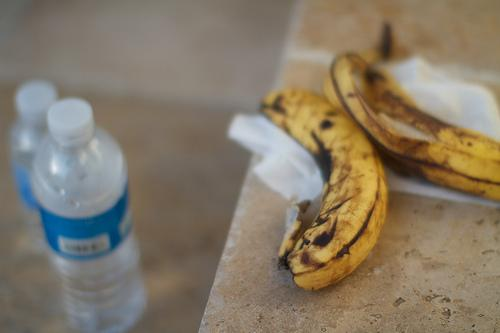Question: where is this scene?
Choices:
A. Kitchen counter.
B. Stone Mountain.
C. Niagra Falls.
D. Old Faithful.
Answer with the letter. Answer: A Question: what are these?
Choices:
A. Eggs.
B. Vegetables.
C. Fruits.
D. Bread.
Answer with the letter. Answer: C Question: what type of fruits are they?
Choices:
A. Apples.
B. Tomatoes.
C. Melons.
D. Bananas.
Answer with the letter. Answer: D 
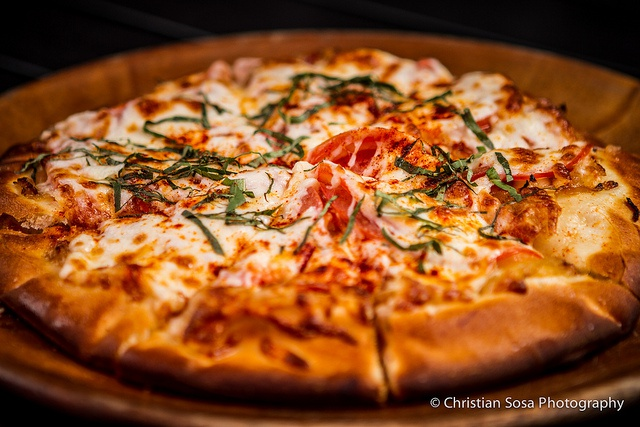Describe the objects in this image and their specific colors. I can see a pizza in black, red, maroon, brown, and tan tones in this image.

▶ **DIRECTIONS**
Read the data above and pull out each line that holds the string "Answer".

▶ **RESULT OF THIS EXERCISE**
Answer with the letter. Answer: A Question: what are these?
Answer with the letter. Answer: C Question: what type of fruits are they?
Answer with the letter. Answer: D 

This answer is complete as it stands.